Tool(s) called: OpenRouter via JSON guard, plus heuristic word list fallback.
Output requirement: list of suspect terms and simpler replacements; then the processor rewrites matching terms in the article.
Input: the full article, voice signature, optional quantified profile deltas.
Actual system prompt shape:
“You are a careful style editor making TARGETED adjustments to match a quantitative voice profile… Apply ONLY the specific edits listed below… Do NOT change meaning, facts, section headings, list structure, or formatting… Do NOT compress, summarize, or shorten.”
Output requirement: full adjusted text only. If output compresses too much, the original text is kept.
Known struggle: this pass has been implicated in over-compression and weird connective damage in some runs.
What changes: regex substitutions strip banned patterns (“As an AI”, “In conclusion”, “Let’s dive in”, etc.), then sentence variety/voice checks try to reduce robotic rhythm.
Known struggle: this sentence-variety logic likely contributes to the broken “X, and Y. Z, and …” connective damage in bad Kenro runs.
What changes: if human feedback is enabled, the terminal asks for a review signal before continuing. This was the original justification for some editor-note plumbing.
What changes: if enabled, compares article to voice samples and can harmonize style. Currently usually off in production runs.
Input: full article plus agent contributions, persona profile, human context, voice context.
Actual prompt excerpt:
“You are reading a content article after iteration X of development. Your job is to react in-character as this persona (first-person voice). This is not a generic rubric… Tell us what you felt as you read: where you leaned in, where you zoned out, where you rolled your eyes… Return JSON with overall_score, detailed_scores, reaction, strengths, weaknesses, recommendation.”
Output requirement: persona-by-persona JSON evaluations, aggregated into overall score, gate score, trend analysis, and per-agent feedback history.
What changes: rolls up scores, improvement trend, cumulative averages, and narrative metrics. Phase 3 currently passes if quality passes and audience score is at least 20. This is one reason internal final scores can look over-optimistic.

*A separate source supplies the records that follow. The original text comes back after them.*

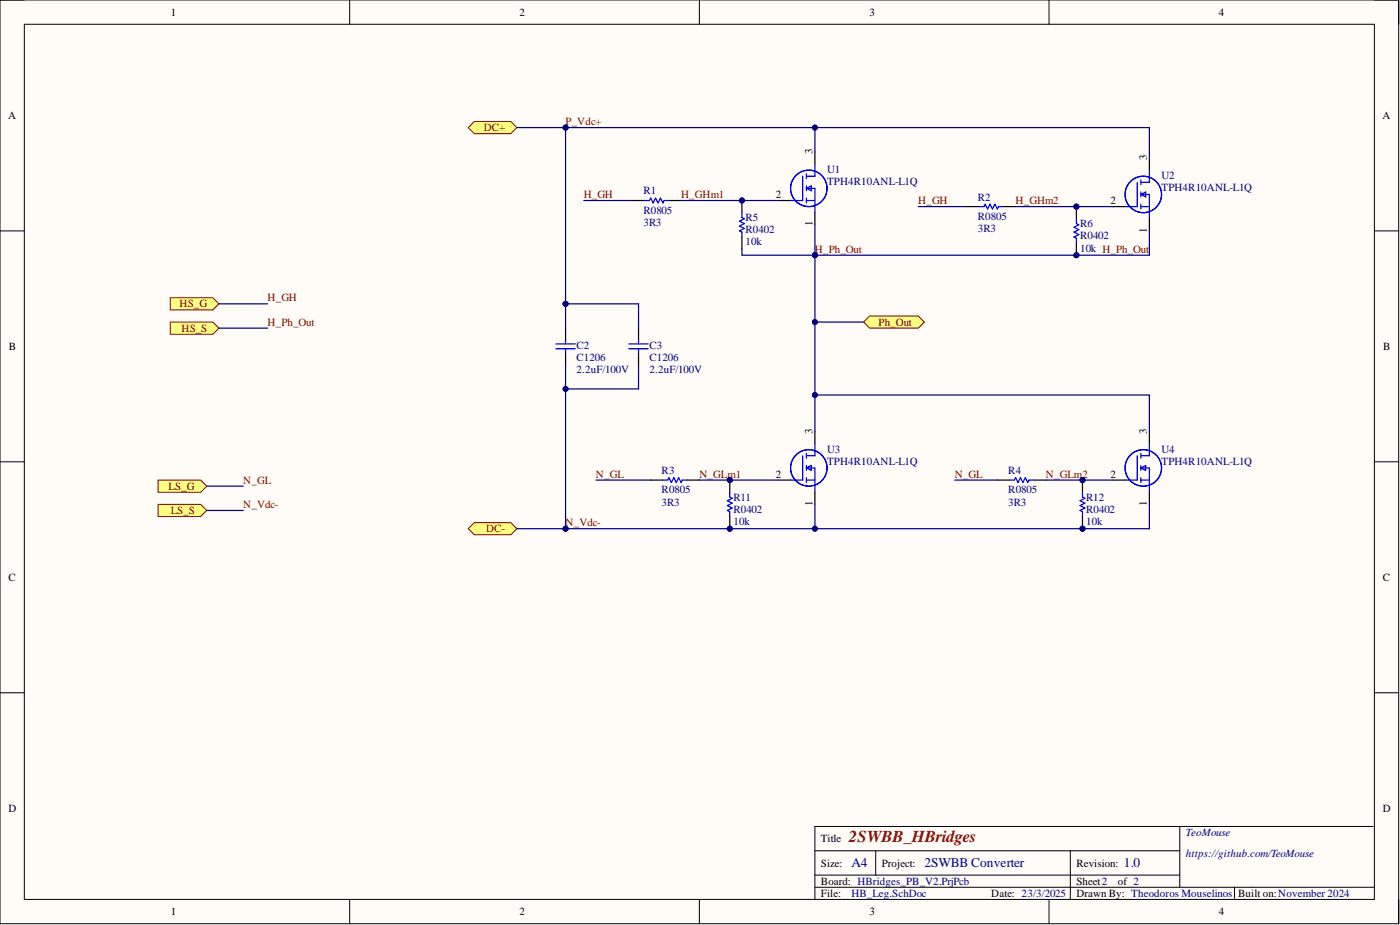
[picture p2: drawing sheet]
<svg xmlns="http://www.w3.org/2000/svg" width="292mm" height="193mm" viewBox="0 0 292 193" stroke-linecap="round" stroke-linejoin="round" font-family="sans-serif">
<defs><g id="words">
<text font-size="3.5" fill="#800000" x="177.1" y="175.7">2SWBB_HBridges</text>
<g font-size="2.8" fill="#000080">
<text x="177.6" y="181">A4</text>
<text x="192.9" y="181">2SWBB Converter</text>
<text x="234.5" y="181">1.0</text>
</g>
<g font-size="2.3">
<text x="35.6" y="3.3">1</text>
<text x="108.4" y="3.3">2</text>
<text x="181.4" y="3.3">3</text>
<text x="254.3" y="3.3">4</text>
<text x="1.7" y="24.8">A</text>
<text x="288.4" y="24.8">A</text>
<text x="169.5" y="32.2" transform="rotate(-90 169.5 32.2)">3</text>
<text x="239.3" y="33.5" transform="rotate(-90 239.3 33.5)">3</text>
<text x="161.9" y="41.3">2</text>
<text x="169.5" y="47.2" transform="rotate(-90 169.5 47.2)">1</text>
<text x="231.7" y="42.6">2</text>
<text x="239.3" y="48.5" transform="rotate(-90 239.3 48.5)">1</text>
<text x="1.9" y="73">B</text>
<text x="288.6" y="73">B</text>
<text x="169.5" y="90.5" transform="rotate(-90 169.5 90.5)">3</text>
<text x="239.3" y="90.5" transform="rotate(-90 239.3 90.5)">3</text>
<text x="161.9" y="99.6">2</text>
<text x="231.7" y="99.6">2</text>
<text x="169.5" y="105.6" transform="rotate(-90 169.5 105.6)">1</text>
<text x="239.3" y="105.6" transform="rotate(-90 239.3 105.6)">1</text>
<text x="1.8" y="121.2">C</text>
<text x="288.5" y="121.2">C</text>
<text x="1.8" y="169.4">D</text>
<text x="288.5" y="169.4">D</text>
<text x="171.3" y="175.7">Title</text>
<text x="171.3" y="180.8">Size:</text>
<text x="171.3" y="184.6">Board: HBridges_PB_V2.PrjPcb</text>
<text x="184" y="180.8">Project:</text>
<text x="224.6" y="180.8">Revision:</text>
<text x="224.6" y="184.6">Sheet2</text>
<text x="233.2" y="184.6">of 2</text>
<text x="35.6" y="190.9">1</text>
<text x="108.4" y="190.9">2</text>
<text x="171.3" y="187.1">File:</text>
<text x="181.4" y="190.9">3</text>
<text x="206.8" y="187.1">Date: 23/3/2025</text>
<text x="224.6" y="187.1">Drawn By: Theodoros Mouselinos</text>
<text x="254.3" y="190.9">4</text>
<text x="258.3" y="187.1">Built on:November 2024</text>
</g>
<g font-size="2.3" fill="#800000">
<text x="100.9" y="27.4">DC+</text>
<text x="118" y="26.1">P_Vdc+</text>
<text x="121.8" y="41.3">H_GH</text>
<text x="142.1" y="41.3">H_GHm1</text>
<text x="191.6" y="42.6">H_GH</text>
<text x="211.9" y="42.6">H_GHm2</text>
<text x="170" y="52.7">H_Ph_Out</text>
<text x="37.5" y="64.1">HS_G</text>
<text x="55.8" y="62.9">H_GH</text>
<text x="37.9" y="69.2">HS_S</text>
<text x="55.8" y="67.9">H_Ph_Out</text>
<text x="183.3" y="67.9">Ph_Out</text>
<text x="50.8" y="100.9">N_GL</text>
<text x="124.3" y="99.6">N_GL</text>
<text x="145.9" y="99.6">N_GLm1</text>
<text x="199.2" y="99.6">N_GL</text>
<text x="218.2" y="99.6">N_GLm2</text>
<text x="35.2" y="102.2">LS_G</text>
<text x="35.6" y="107.3">LS_S</text>
<text x="50.8" y="106">N_Vdc-</text>
<text x="101.4" y="111.1">DC-</text>
<text x="118" y="109.8">N_Vdc-</text>
</g>
<g font-size="2.3" fill="#000080">
<text x="134.2" y="40.6">R1</text>
<text x="172.6" y="36.1">U1</text>
<text x="172.6" y="38.6">TPH4R10ANL-L1Q</text>
<text x="204" y="41.8">R2</text>
<text x="242.3" y="37.4">U2</text>
<text x="242.3" y="39.9">TPH4R10ANL-L1Q</text>
<text x="134.2" y="47.2">3R3</text>
<text x="134.2" y="44.6">R0805</text>
<text x="155.6" y="46.1">R5</text>
<text x="204" y="45.9">R0805</text>
<text x="225.3" y="47.4">R6</text>
<text x="155.6" y="51.2">10k</text>
<text x="155.6" y="48.7">R0402</text>
<text x="204" y="48.4">3R3</text>
<text x="225.3" y="52.5">10k H_Ph_Out</text>
<text x="225.3" y="49.9">R0402</text>
<text x="120.3" y="77.8">2.2uF/100V</text>
<text x="120.3" y="72.8">C2</text>
<text x="120.3" y="75.3">C1206</text>
<text x="135.5" y="77.8">2.2uF/100V</text>
<text x="135.5" y="72.8">C3</text>
<text x="135.5" y="75.3">C1206</text>
<text x="172.6" y="94.4">U3</text>
<text x="242.3" y="94.4">U4</text>
<text x="138" y="98.9">R3</text>
<text x="172.6" y="96.9">TPH4R10ANL-L1Q</text>
<text x="210.4" y="98.9">R4</text>
<text x="242.3" y="96.9">TPH4R10ANL-L1Q</text>
<text x="138" y="105.5">3R3</text>
<text x="138" y="102.9">R0805</text>
<text x="153" y="104.5">R11</text>
<text x="153" y="107">R0402</text>
<text x="210.4" y="105.5">3R3</text>
<text x="210.4" y="102.9">R0805</text>
<text x="226.6" y="104.5">R12</text>
<text x="226.6" y="107">R0402</text>
<text x="153" y="109.5">10k</text>
<text x="226.6" y="109.5">10k</text>
<text x="247.4" y="174.4">TeoMouse</text>
<text x="247.4" y="178.8">https://github.com/TeoMouse</text>
<text x="177.6" y="187.1">HB_Leg.SchDoc</text>
</g>
</g></defs>
<path d="M0 0h291.8v192.7h-291.8z" fill-rule="evenodd" fill="#fffcf8"/>
<path d="M0 0h291.8v192.7h-291.8z" fill="none" stroke="#000" stroke-width=".21"/>
<path d="M5.1 5.1h281.7v182.5h-281.7z" fill-rule="evenodd" fill="#fffcf8"/>
<g fill="none" stroke="#000" stroke-width=".21">
<path d="M0 0h5.1M73 0v5.1M145.9 0v5.1M218.9 0v5.1M286.8 0h5v5.1M5.1 5.1h281.7v182.5h-281.7zM0 48.2h5.1M286.8 48.2h5M0 96.3h5.1M286.8 96.3h5M0 144.5h5.1M286.8 144.5h5"/>
<path d="M73 187.6v5.1M145.9 187.6v5.1M218.9 187.6v5.1M291.8 187.6v5.1"/>
</g>
<path d="M97.7 26.6l1.3-1.3h7.6l1.3 1.3-1.3 1.3h-7.6z" fill-rule="evenodd" fill="#ffff80"/>
<path d="M97.7 26.6l1.3-1.3h7.6l1.3 1.3-1.3 1.3h-7.6z" fill="none" stroke="#800000" stroke-width=".21"/>
<path d="M97.7 110.3l1.3-1.3h7.6l1.3 1.3-1.3 1.3h-7.6z" fill-rule="evenodd" fill="#ffff80"/>
<path d="M97.7 110.3l1.3-1.3h7.6l1.3 1.3-1.3 1.3h-7.6z" fill="none" stroke="#800000" stroke-width=".21"/>
<path d="M180.2 67.2l1.2-1.3h10.2l1.3 1.3-1.3 1.3h-10.2z" fill-rule="evenodd" fill="#ffff80"/>
<path d="M180.2 67.2l1.2-1.3h10.2l1.3 1.3-1.3 1.3h-10.2z" fill="none" stroke="#800000" stroke-width=".21"/>
<path d="M170 31.7v2.5M162.4 41.8h2.5M170 44.4v2.5M170 90v2.5M162.4 100.2h2.5M170 102.7v2.5" fill="none" stroke="#000" stroke-width=".25"/>
<g fill="none" stroke="#00f" stroke-width=".25">
<path d="M167.5 36.8v5h-2.6M168.2 36.3v1M168.2 38.8v1M168.2 39.3l1.1-.5v1zM168.4 39.3h1.6v5.1M170 34.3v2.5h-1.6M168.2 41.8h1.7M168.2 41.3v1M167.5 95.1v5.1h-2.6M168.2 94.6v1M168.2 97.1v1M168.2 99.6v1.1"/>
<path d="M168.2 97.6l1.1-.5v1zM168.4 97.6h1.6v5.1M170 92.6v2.5h-1.6M168.2 100.2h1.7"/>
<circle cx="168.8" cy="39.3" r="3.8"/>
<circle cx="168.8" cy="97.6" r="3.8"/>
</g>
<circle cx="170" cy="53.2" r=".51" fill="#000080"/>
<circle cx="170" cy="53.2" r=".51" fill="none" stroke="#000080" stroke-width=".21"/>
<path d="M239.8 90v2.5M232.2 100.2h2.5M239.8 102.7v2.5" fill="none" stroke="#000" stroke-width=".25"/>
<g fill="none" stroke="#00f" stroke-width=".25">
<path d="M237.3 95.1v5.1h-2.6M238 94.6v1M238 97.1v1M238 99.6v1.1M238 97.6l1-.5v1zM238.2 97.6h1.6v5.1M239.8 92.6v2.5h-1.6M238 100.2h1.7"/>
<circle cx="238.5" cy="97.6" r="3.8"/>
</g>
<circle cx="154.8" cy="41.8" r=".51" fill="#000080"/>
<circle cx="154.8" cy="41.8" r=".51" fill="none" stroke="#000080" stroke-width=".21"/>
<path d="M154.8 41.8v2.6" fill="none" stroke="#000" stroke-width=".25"/>
<circle cx="154.8" cy="41.8" r=".51" fill="#000080"/>
<circle cx="154.8" cy="41.8" r=".51" fill="none" stroke="#000080" stroke-width=".21"/>
<path d="M154.8 49.4v2.6" fill="none" stroke="#000" stroke-width=".25"/>
<path d="M154.8 44.4v1l.5 .2-1 .5 1 .5-1 .6 1 .5-1 .5 .5 .2v1" fill="none" stroke="#00f" stroke-width=".25"/>
<circle cx="152.3" cy="100.2" r=".51" fill="#000080"/>
<circle cx="152.3" cy="100.2" r=".51" fill="none" stroke="#000080" stroke-width=".21"/>
<circle cx="152.3" cy="110.3" r=".51" fill="#000080"/>
<circle cx="152.3" cy="110.3" r=".51" fill="none" stroke="#000080" stroke-width=".21"/>
<path d="M152.3 100.2v2.5" fill="none" stroke="#000" stroke-width=".25"/>
<circle cx="152.3" cy="100.2" r=".51" fill="#000080"/>
<circle cx="152.3" cy="100.2" r=".51" fill="none" stroke="#000080" stroke-width=".21"/>
<path d="M152.3 107.8v2.5" fill="none" stroke="#000" stroke-width=".25"/>
<circle cx="152.3" cy="110.3" r=".51" fill="#000080"/>
<circle cx="152.3" cy="110.3" r=".51" fill="none" stroke="#000080" stroke-width=".21"/>
<path d="M152.3 102.7v1l.5 .3-1 .5 1 .5-1 .5 1 .5-1 .5 .5 .2v1.1" fill="none" stroke="#00f" stroke-width=".25"/>
<circle cx="225.9" cy="100.2" r=".51" fill="#000080"/>
<circle cx="225.9" cy="100.2" r=".51" fill="none" stroke="#000080" stroke-width=".21"/>
<circle cx="225.9" cy="110.3" r=".51" fill="#000080"/>
<circle cx="225.9" cy="110.3" r=".51" fill="none" stroke="#000080" stroke-width=".21"/>
<path d="M225.9 100.2v2.5" fill="none" stroke="#000" stroke-width=".25"/>
<circle cx="225.9" cy="100.2" r=".51" fill="#000080"/>
<circle cx="225.9" cy="100.2" r=".51" fill="none" stroke="#000080" stroke-width=".21"/>
<path d="M225.9 107.8v2.5" fill="none" stroke="#000" stroke-width=".25"/>
<circle cx="225.9" cy="110.3" r=".51" fill="#000080"/>
<circle cx="225.9" cy="110.3" r=".51" fill="none" stroke="#000080" stroke-width=".21"/>
<path d="M116 71.8h4M116 72.8h4M118 71v.8M118 72.8v.7M131.2 71.8h4.1M131.2 72.8h4.1M133.2 71v.8M133.2 72.8v.7M225.9 102.7v1l.5 .3-1.1 .5 1.1 .5-1.1 .5 1.1 .5-1.1 .5 .6 .2v1.1" fill="none" stroke="#00f" stroke-width=".25"/>
<path d="M118 68.5v2.5M118 73.5v2.6M133.2 68.5v2.5M133.2 73.5v2.6" fill="none" stroke="#000" stroke-width=".25"/>
<circle cx="118" cy="26.6" r=".51" fill="#000080"/>
<circle cx="118" cy="26.6" r=".51" fill="none" stroke="#000080" stroke-width=".21"/>
<circle cx="118" cy="110.3" r=".51" fill="#000080"/>
<circle cx="118" cy="110.3" r=".51" fill="none" stroke="#000080" stroke-width=".21"/>
<path d="M239.8 33v2.5M232.2 43.1h2.5M239.8 45.6v2.6" fill="none" stroke="#000" stroke-width=".25"/>
<g fill="none" stroke="#00f" stroke-width=".25">
<path d="M237.3 38v5.1h-2.6M238 37.5v1M239.8 35.5v2.5h-1.6M238 43.1h1.7M238 40.1v1M238 42.6v1M238 40.6l1-.5v1zM238.2 40.6h1.6v5"/>
<circle cx="238.5" cy="40.6" r="3.8"/>
</g>
<circle cx="224.6" cy="43.1" r=".51" fill="#000080"/>
<circle cx="224.6" cy="43.1" r=".51" fill="none" stroke="#000080" stroke-width=".21"/>
<circle cx="224.6" cy="53.2" r=".51" fill="#000080"/>
<circle cx="224.6" cy="53.2" r=".51" fill="none" stroke="#000080" stroke-width=".21"/>
<path d="M224.6 43.1v2.5" fill="none" stroke="#000" stroke-width=".25"/>
<circle cx="224.6" cy="43.1" r=".51" fill="#000080"/>
<circle cx="224.6" cy="43.1" r=".51" fill="none" stroke="#000080" stroke-width=".21"/>
<path d="M224.6 50.7v2.5" fill="none" stroke="#000" stroke-width=".25"/>
<circle cx="224.6" cy="53.2" r=".51" fill="#000080"/>
<circle cx="224.6" cy="53.2" r=".51" fill="none" stroke="#000080" stroke-width=".21"/>
<path d="M224.6 45.6v1l.5 .3-1 .5 1 .5-1 .5 1 .5-1 .5 .5 .3v1" fill="none" stroke="#00f" stroke-width=".25"/>
<path d="M35.5 62.1h8.9l1.3 1.3-1.3 1.3h-8.9z" fill-rule="evenodd" fill="#ffff80"/>
<path d="M35.5 62.1h8.9l1.3 1.3-1.3 1.3h-8.9z" fill="none" stroke="#800000" stroke-width=".21"/>
<path d="M35.5 67.2h8.9l1.3 1.3-1.3 1.2h-8.9z" fill-rule="evenodd" fill="#ffff80"/>
<path d="M35.5 67.2h8.9l1.3 1.3-1.3 1.2h-8.9z" fill="none" stroke="#800000" stroke-width=".21"/>
<path d="M118 63.4v5.1" fill="none" stroke="#000080" stroke-width=".25"/>
<circle cx="118" cy="63.4" r=".51" fill="#000080"/>
<circle cx="118" cy="63.4" r=".51" fill="none" stroke="#000080" stroke-width=".21"/>
<path d="M142.1 41.8h20.3" fill="none" stroke="#000080" stroke-width=".25"/>
<circle cx="154.8" cy="41.8" r=".51" fill="#000080"/>
<circle cx="154.8" cy="41.8" r=".51" fill="none" stroke="#000080" stroke-width=".21"/>
<path d="M170 82.4h69.8v7.6" fill="none" stroke="#000080" stroke-width=".25"/>
<circle cx="170" cy="82.4" r=".51" fill="#000080"/>
<circle cx="170" cy="82.4" r=".51" fill="none" stroke="#000080" stroke-width=".21"/>
<path d="M118 63.4h15.2v5.1M199.2 100.2h8.9" fill="none" stroke="#000080" stroke-width=".25"/>
<circle cx="118" cy="63.4" r=".51" fill="#000080"/>
<circle cx="118" cy="63.4" r=".51" fill="none" stroke="#000080" stroke-width=".21"/>
<path d="M107.9 110.3h10.1" fill="none" stroke="#000080" stroke-width=".25"/>
<circle cx="118" cy="110.3" r=".51" fill="#000080"/>
<circle cx="118" cy="110.3" r=".51" fill="none" stroke="#000080" stroke-width=".21"/>
<path d="M170 31.7v-5.1h-52v36.8" fill="none" stroke="#000080" stroke-width=".25"/>
<circle cx="170" cy="26.6" r=".51" fill="#000080"/>
<circle cx="170" cy="26.6" r=".51" fill="none" stroke="#000080" stroke-width=".21"/>
<circle cx="118" cy="26.6" r=".51" fill="#000080"/>
<circle cx="118" cy="26.6" r=".51" fill="none" stroke="#000080" stroke-width=".21"/>
<circle cx="118" cy="63.4" r=".51" fill="#000080"/>
<circle cx="118" cy="63.4" r=".51" fill="none" stroke="#000080" stroke-width=".21"/>
<path d="M107.9 26.6h10.1" fill="none" stroke="#000080" stroke-width=".25"/>
<circle cx="118" cy="26.6" r=".51" fill="#000080"/>
<circle cx="118" cy="26.6" r=".51" fill="none" stroke="#000080" stroke-width=".21"/>
<path d="M170 105.2v5.1" fill="none" stroke="#000080" stroke-width=".25"/>
<circle cx="170" cy="110.3" r=".51" fill="#000080"/>
<circle cx="170" cy="110.3" r=".51" fill="none" stroke="#000080" stroke-width=".21"/>
<path d="M124.3 100.2h11.5M145.9 100.2h16.5" fill="none" stroke="#000080" stroke-width=".25"/>
<circle cx="152.3" cy="100.2" r=".51" fill="#000080"/>
<circle cx="152.3" cy="100.2" r=".51" fill="none" stroke="#000080" stroke-width=".21"/>
<path d="M121.8 41.8h10.2M170 67.2h10.2" fill="none" stroke="#000080" stroke-width=".25"/>
<circle cx="170" cy="67.2" r=".51" fill="#000080"/>
<circle cx="170" cy="67.2" r=".51" fill="none" stroke="#000080" stroke-width=".21"/>
<path d="M211.9 43.1h20.3" fill="none" stroke="#000080" stroke-width=".25"/>
<circle cx="224.6" cy="43.1" r=".51" fill="#000080"/>
<circle cx="224.6" cy="43.1" r=".51" fill="none" stroke="#000080" stroke-width=".21"/>
<path d="M170 26.6h69.8v6.4M191.6 43.1h10.1" fill="none" stroke="#000080" stroke-width=".25"/>
<circle cx="170" cy="26.6" r=".51" fill="#000080"/>
<circle cx="170" cy="26.6" r=".51" fill="none" stroke="#000080" stroke-width=".21"/>
<path d="M170 46.9v6.3h-15.2v-1.2" fill="none" stroke="#000080" stroke-width=".25"/>
<circle cx="170" cy="53.2" r=".51" fill="#000080"/>
<circle cx="170" cy="53.2" r=".51" fill="none" stroke="#000080" stroke-width=".21"/>
<path d="M239.8 48.2v5h-69.8" fill="none" stroke="#000080" stroke-width=".25"/>
<circle cx="224.6" cy="53.2" r=".51" fill="#000080"/>
<circle cx="224.6" cy="53.2" r=".51" fill="none" stroke="#000080" stroke-width=".21"/>
<circle cx="170" cy="53.2" r=".51" fill="#000080"/>
<circle cx="170" cy="53.2" r=".51" fill="none" stroke="#000080" stroke-width=".21"/>
<path d="M170 53.2v36.8" fill="none" stroke="#000080" stroke-width=".25"/>
<circle cx="170" cy="82.4" r=".51" fill="#000080"/>
<circle cx="170" cy="82.4" r=".51" fill="none" stroke="#000080" stroke-width=".21"/>
<circle cx="170" cy="67.2" r=".51" fill="#000080"/>
<circle cx="170" cy="67.2" r=".51" fill="none" stroke="#000080" stroke-width=".21"/>
<circle cx="170" cy="53.2" r=".51" fill="#000080"/>
<circle cx="170" cy="53.2" r=".51" fill="none" stroke="#000080" stroke-width=".21"/>
<path d="M33 100.2h8.9l1.2 1.2-1.2 1.3h-8.9z" fill-rule="evenodd" fill="#ffff80"/>
<path d="M33 100.2h8.9l1.2 1.2-1.2 1.3h-8.9z" fill="none" stroke="#800000" stroke-width=".21"/>
<path d="M33 105.2h8.9l1.2 1.3-1.2 1.3h-8.9z" fill-rule="evenodd" fill="#ffff80"/>
<path d="M33 105.2h8.9l1.2 1.3-1.2 1.3h-8.9z" fill="none" stroke="#800000" stroke-width=".21"/>
<path d="M45.7 63.4h10.1M43.1 101.4h7.7M218.2 100.2h14" fill="none" stroke="#000080" stroke-width=".25"/>
<circle cx="225.9" cy="100.2" r=".51" fill="#000080"/>
<circle cx="225.9" cy="100.2" r=".51" fill="none" stroke="#000080" stroke-width=".21"/>
<path d="M132 41.8h2.5M139.6 41.8h2.5M201.7 43.1h2.6M209.4 43.1h2.5M135.8 100.2h2.5M143.4 100.2h2.5M208.1 100.2h2.5M215.7 100.2h2.5" fill="none" stroke="#000" stroke-width=".25"/>
<path d="M134.5 41.8h1l.3-.5 .5 1 .5-1 .5 1 .5-1 .5 1 .3-.5h1M204.3 43.1h1l.3-.5 .5 1 .5-1 .5 1 .5-1 .5 1 .2-.5h1.1M138.3 100.2h1l.3-.6 .5 1.1 .5-1.1 .5 1.1 .5-1.1 .5 1.1 .3-.5h1M210.6 100.2h1l.3-.6 .5 1.1 .5-1.1 .5 1.1 .5-1.1 .5 1.1 .3-.5h1" fill="none" stroke="#00f" stroke-width=".25"/>
<path d="M133.2 76.1v5h-15.2v29.2h121.8v-5.1" fill="none" stroke="#000080" stroke-width=".25"/>
<circle cx="118" cy="81.1" r=".51" fill="#000080"/>
<circle cx="118" cy="81.1" r=".51" fill="none" stroke="#000080" stroke-width=".21"/>
<circle cx="118" cy="110.3" r=".51" fill="#000080"/>
<circle cx="118" cy="110.3" r=".51" fill="none" stroke="#000080" stroke-width=".21"/>
<circle cx="152.3" cy="110.3" r=".51" fill="#000080"/>
<circle cx="152.3" cy="110.3" r=".51" fill="none" stroke="#000080" stroke-width=".21"/>
<circle cx="170" cy="110.3" r=".51" fill="#000080"/>
<circle cx="170" cy="110.3" r=".51" fill="none" stroke="#000080" stroke-width=".21"/>
<circle cx="225.9" cy="110.3" r=".51" fill="#000080"/>
<circle cx="225.9" cy="110.3" r=".51" fill="none" stroke="#000080" stroke-width=".21"/>
<path d="M118 76.1v5" fill="none" stroke="#000080" stroke-width=".25"/>
<circle cx="118" cy="81.1" r=".51" fill="#000080"/>
<circle cx="118" cy="81.1" r=".51" fill="none" stroke="#000080" stroke-width=".21"/>
<path d="M45.7 68.5h10.1M43.1 106.5h7.7" fill="none" stroke="#000080" stroke-width=".25"/>
<path d="M170 177.5h76.2M182.7 177.5v5.1M223.3 177.5v10.1M246.2 172.4v12.7M286.5 172.4h-116.5v15.2M170 185.1h116.8M170 182.6h76.2M257.6 185.1v2.3" fill="none" stroke="#000" stroke-width=".21"/>
<use href="#words"/>
</svg>

What changes: scores the article against 100+ slop rules and remnant patterns. It can run in audit mode, clean mode, and JSON mode.
Rules summary: LLM Tell, Corporate, Filler, AI Phrase, Overwrought, Remnant. Hard-fail on any pipeline leakage. Also checks duplicate H1, target drift, and trailing scaffolding.
Important current state: this exists, but is not yet fully baked into the pipeline loop. It is a backstop, not the primary gate.
final_score: 100, which is not trustworthy as a real editorial signal.This is the condensed factory map. It is intentionally prose-first, but every step above is grounded in the current repo prompts and orchestration code.